** Opening Input block **

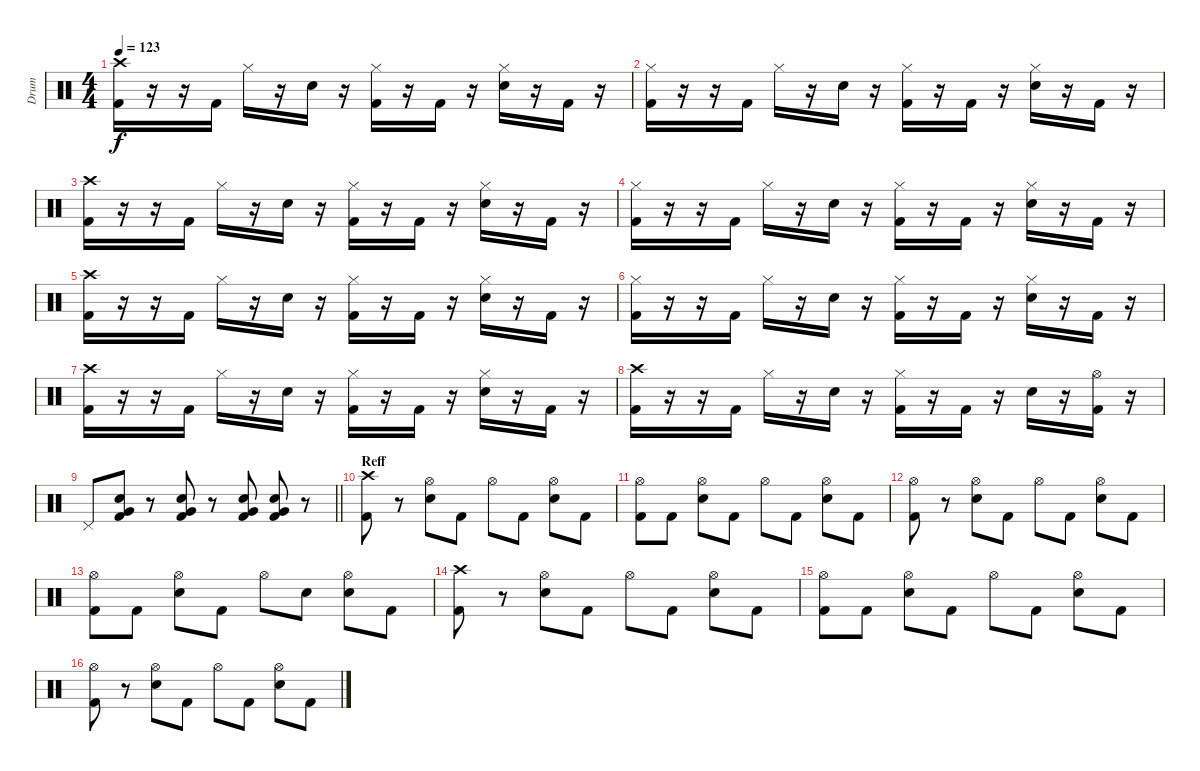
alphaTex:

\track ("Drum" "Drum") {instrument percussion}
\staff {score}
\articulation defaults
\ts (4 4)
\tempo 123
\clef neutral
\ks c
("Crash high (hit)" "Kick (hit) 2").16{dy f} r.16 r.16 "Kick (hit) 2".16 "Hi-Hat (closed)".16 r.16 "Electric Snare (hit)".16 r.16 ("Hi-Hat (closed)" "Kick (hit) 2").16 r.16 "Kick (hit) 2".16 r.16 ("Hi-Hat (closed)" "Electric Snare (hit)").16 r.16 "Kick (hit) 2".16 r.16 |
("Hi-Hat (closed)" "Kick (hit) 2").16 r.16 r.16 "Kick (hit) 2".16 "Hi-Hat (closed)".16 r.16 "Electric Snare (hit)".16 r.16 ("Hi-Hat (closed)" "Kick (hit) 2").16 r.16 "Kick (hit) 2".16 r.16 ("Hi-Hat (closed)" "Electric Snare (hit)").16 r.16 "Kick (hit) 2".16 r.16 |
("Crash high (hit)" "Kick (hit) 2").16 r.16 r.16 "Kick (hit) 2".16 "Hi-Hat (closed)".16 r.16 "Electric Snare (hit)".16 r.16 ("Hi-Hat (closed)" "Kick (hit) 2").16 r.16 "Kick (hit) 2".16 r.16 ("Hi-Hat (closed)" "Electric Snare (hit)").16 r.16 "Kick (hit) 2".16 r.16 |
("Hi-Hat (closed)" "Kick (hit) 2").16 r.16 r.16 "Kick (hit) 2".16 "Hi-Hat (closed)".16 r.16 "Electric Snare (hit)".16 r.16 ("Hi-Hat (closed)" "Kick (hit) 2").16 r.16 "Kick (hit) 2".16 r.16 ("Hi-Hat (closed)" "Electric Snare (hit)").16 r.16 "Kick (hit) 2".16 r.16 |
("Crash high (hit)" "Kick (hit) 2").16 r.16 r.16 "Kick (hit) 2".16 "Hi-Hat (closed)".16 r.16 "Electric Snare (hit)".16 r.16 ("Hi-Hat (closed)" "Kick (hit) 2").16 r.16 "Kick (hit) 2".16 r.16 ("Hi-Hat (closed)" "Electric Snare (hit)").16 r.16 "Kick (hit) 2".16 r.16 |
("Hi-Hat (closed)" "Kick (hit) 2").16 r.16 r.16 "Kick (hit) 2".16 "Hi-Hat (closed)".16 r.16 "Electric Snare (hit)".16 r.16 ("Hi-Hat (closed)" "Kick (hit) 2").16 r.16 "Kick (hit) 2".16 r.16 ("Hi-Hat (closed)" "Electric Snare (hit)").16 r.16 "Kick (hit) 2".16 r.16 |
("Crash high (hit)" "Kick (hit) 2").16 r.16 r.16 "Kick (hit) 2".16 "Hi-Hat (closed)".16 r.16 "Electric Snare (hit)".16 r.16 ("Hi-Hat (closed)" "Kick (hit) 2").16 r.16 "Kick (hit) 2".16 r.16 ("Hi-Hat (closed)" "Electric Snare (hit)").16 r.16 "Kick (hit) 2".16 r.16 |
("Crash high (hit)" "Kick (hit) 2").16 r.16 r.16 "Kick (hit) 2".16 "Hi-Hat (closed)".16 r.16 "Electric Snare (hit)".16 r.16 ("Hi-Hat (closed)" "Kick (hit) 2").16 r.16 "Kick (hit) 2".16 r.16 "Electric Snare (hit)".16 r.16 ("Hi-Hat (open)" "Kick (hit) 2").16 r.16 |
\barLineRight lightlight "Pedal Hi-Hat (hit)".8
("Electric Snare (hit)" "Very Low Tom (hit)" "Kick (hit) 2").8 r.8 ("Electric Snare (hit)" "Very Low Tom (hit)" "Kick (hit) 2").8 r.8 ("Electric Snare (hit)" "Very Low Tom (hit)" "Kick (hit) 2").8 ("Electric Snare (hit)" "Very Low Tom (hit)" "Kick (hit) 2").8 r.8 |
\section ("" "Reff")
("Crash high (hit)" "Kick (hit) 2").8 r.8 ("Hi-Hat (open)" "Electric Snare (hit)").8 "Kick (hit) 2".8 "Hi-Hat (open)".8 "Kick (hit) 2".8 ("Hi-Hat (open)" "Electric Snare (hit)").8 "Kick (hit) 2".8 |
("Hi-Hat (open)" "Kick (hit) 2").8 "Kick (hit) 2".8 ("Hi-Hat (open)" "Electric Snare (hit)").8 "Kick (hit) 2".8 "Hi-Hat (open)".8 "Kick (hit) 2".8 ("Hi-Hat (open)" "Electric Snare (hit)").8 "Kick (hit) 2".8 |
("Hi-Hat (open)" "Kick (hit) 2").8 r.8 ("Hi-Hat (open)" "Electric Snare (hit)").8 "Kick (hit) 2".8 "Hi-Hat (open)".8 "Kick (hit) 2".8 ("Hi-Hat (open)" "Electric Snare (hit)").8 "Kick (hit) 2".8 |
("Hi-Hat (open)" "Kick (hit) 2").8 "Kick (hit) 2".8 ("Hi-Hat (open)" "Electric Snare (hit)").8 "Kick (hit) 2".8 "Hi-Hat (open)".8 "Electric Snare (hit)".8 ("Hi-Hat (open)" "Electric Snare (hit)").8 "Kick (hit) 2".8 |
("Crash high (hit)" "Kick (hit) 2").8 r.8 ("Hi-Hat (open)" "Electric Snare (hit)").8 "Kick (hit) 2".8 "Hi-Hat (open)".8 "Kick (hit) 2".8 ("Hi-Hat (open)" "Electric Snare (hit)").8 "Kick (hit) 2".8 |
("Hi-Hat (open)" "Kick (hit) 2").8 "Kick (hit) 2".8 ("Hi-Hat (open)" "Electric Snare (hit)").8 "Kick (hit) 2".8 "Hi-Hat (open)".8 "Kick (hit) 2".8 ("Hi-Hat (open)" "Electric Snare (hit)").8 "Kick (hit) 2".8 |
("Hi-Hat (open)" "Kick (hit) 2").8 r.8 ("Hi-Hat (open)" "Electric Snare (hit)").8 "Kick (hit) 2".8 "Hi-Hat (open)".8 "Kick (hit) 2".8 ("Hi-Hat (open)" "Electric Snare (hit)").8 "Kick (hit) 2".8

** Closing Input block **

Task details:
Every record must be duplicated exactly, except for the pictures, which are left out.

Expected output:
alphaTex:

\track ("Drum" "Drum") {instrument percussion}
\staff {score}
\articulation defaults
\ts (4 4)
\tempo 123
\clef neutral
\ks c
("Crash high (hit)" "Kick (hit) 2").16{dy f} r.16 r.16 "Kick (hit) 2".16 "Hi-Hat (closed)".16 r.16 "Electric Snare (hit)".16 r.16 ("Hi-Hat (closed)" "Kick (hit) 2").16 r.16 "Kick (hit) 2".16 r.16 ("Hi-Hat (closed)" "Electric Snare (hit)").16 r.16 "Kick (hit) 2".16 r.16 |
("Hi-Hat (closed)" "Kick (hit) 2").16 r.16 r.16 "Kick (hit) 2".16 "Hi-Hat (closed)".16 r.16 "Electric Snare (hit)".16 r.16 ("Hi-Hat (closed)" "Kick (hit) 2").16 r.16 "Kick (hit) 2".16 r.16 ("Hi-Hat (closed)" "Electric Snare (hit)").16 r.16 "Kick (hit) 2".16 r.16 |
("Crash high (hit)" "Kick (hit) 2").16 r.16 r.16 "Kick (hit) 2".16 "Hi-Hat (closed)".16 r.16 "Electric Snare (hit)".16 r.16 ("Hi-Hat (closed)" "Kick (hit) 2").16 r.16 "Kick (hit) 2".16 r.16 ("Hi-Hat (closed)" "Electric Snare (hit)").16 r.16 "Kick (hit) 2".16 r.16 |
("Hi-Hat (closed)" "Kick (hit) 2").16 r.16 r.16 "Kick (hit) 2".16 "Hi-Hat (closed)".16 r.16 "Electric Snare (hit)".16 r.16 ("Hi-Hat (closed)" "Kick (hit) 2").16 r.16 "Kick (hit) 2".16 r.16 ("Hi-Hat (closed)" "Electric Snare (hit)").16 r.16 "Kick (hit) 2".16 r.16 |
("Crash high (hit)" "Kick (hit) 2").16 r.16 r.16 "Kick (hit) 2".16 "Hi-Hat (closed)".16 r.16 "Electric Snare (hit)".16 r.16 ("Hi-Hat (closed)" "Kick (hit) 2").16 r.16 "Kick (hit) 2".16 r.16 ("Hi-Hat (closed)" "Electric Snare (hit)").16 r.16 "Kick (hit) 2".16 r.16 |
("Hi-Hat (closed)" "Kick (hit) 2").16 r.16 r.16 "Kick (hit) 2".16 "Hi-Hat (closed)".16 r.16 "Electric Snare (hit)".16 r.16 ("Hi-Hat (closed)" "Kick (hit) 2").16 r.16 "Kick (hit) 2".16 r.16 ("Hi-Hat (closed)" "Electric Snare (hit)").16 r.16 "Kick (hit) 2".16 r.16 |
("Crash high (hit)" "Kick (hit) 2").16 r.16 r.16 "Kick (hit) 2".16 "Hi-Hat (closed)".16 r.16 "Electric Snare (hit)".16 r.16 ("Hi-Hat (closed)" "Kick (hit) 2").16 r.16 "Kick (hit) 2".16 r.16 ("Hi-Hat (closed)" "Electric Snare (hit)").16 r.16 "Kick (hit) 2".16 r.16 |
("Crash high (hit)" "Kick (hit) 2").16 r.16 r.16 "Kick (hit) 2".16 "Hi-Hat (closed)".16 r.16 "Electric Snare (hit)".16 r.16 ("Hi-Hat (closed)" "Kick (hit) 2").16 r.16 "Kick (hit) 2".16 r.16 "Electric Snare (hit)".16 r.16 ("Hi-Hat (open)" "Kick (hit) 2").16 r.16 |
\barLineRight lightlight "Pedal Hi-Hat (hit)".8
("Electric Snare (hit)" "Very Low Tom (hit)" "Kick (hit) 2").8 r.8 ("Electric Snare (hit)" "Very Low Tom (hit)" "Kick (hit) 2").8 r.8 ("Electric Snare (hit)" "Very Low Tom (hit)" "Kick (hit) 2").8 ("Electric Snare (hit)" "Very Low Tom (hit)" "Kick (hit) 2").8 r.8 |
\section ("" "Reff")
("Crash high (hit)" "Kick (hit) 2").8 r.8 ("Hi-Hat (open)" "Electric Snare (hit)").8 "Kick (hit) 2".8 "Hi-Hat (open)".8 "Kick (hit) 2".8 ("Hi-Hat (open)" "Electric Snare (hit)").8 "Kick (hit) 2".8 |
("Hi-Hat (open)" "Kick (hit) 2").8 "Kick (hit) 2".8 ("Hi-Hat (open)" "Electric Snare (hit)").8 "Kick (hit) 2".8 "Hi-Hat (open)".8 "Kick (hit) 2".8 ("Hi-Hat (open)" "Electric Snare (hit)").8 "Kick (hit) 2".8 |
("Hi-Hat (open)" "Kick (hit) 2").8 r.8 ("Hi-Hat (open)" "Electric Snare (hit)").8 "Kick (hit) 2".8 "Hi-Hat (open)".8 "Kick (hit) 2".8 ("Hi-Hat (open)" "Electric Snare (hit)").8 "Kick (hit) 2".8 |
("Hi-Hat (open)" "Kick (hit) 2").8 "Kick (hit) 2".8 ("Hi-Hat (open)" "Electric Snare (hit)").8 "Kick (hit) 2".8 "Hi-Hat (open)".8 "Electric Snare (hit)".8 ("Hi-Hat (open)" "Electric Snare (hit)").8 "Kick (hit) 2".8 |
("Crash high (hit)" "Kick (hit) 2").8 r.8 ("Hi-Hat (open)" "Electric Snare (hit)").8 "Kick (hit) 2".8 "Hi-Hat (open)".8 "Kick (hit) 2".8 ("Hi-Hat (open)" "Electric Snare (hit)").8 "Kick (hit) 2".8 |
("Hi-Hat (open)" "Kick (hit) 2").8 "Kick (hit) 2".8 ("Hi-Hat (open)" "Electric Snare (hit)").8 "Kick (hit) 2".8 "Hi-Hat (open)".8 "Kick (hit) 2".8 ("Hi-Hat (open)" "Electric Snare (hit)").8 "Kick (hit) 2".8 |
("Hi-Hat (open)" "Kick (hit) 2").8 r.8 ("Hi-Hat (open)" "Electric Snare (hit)").8 "Kick (hit) 2".8 "Hi-Hat (open)".8 "Kick (hit) 2".8 ("Hi-Hat (open)" "Electric Snare (hit)").8 "Kick (hit) 2".8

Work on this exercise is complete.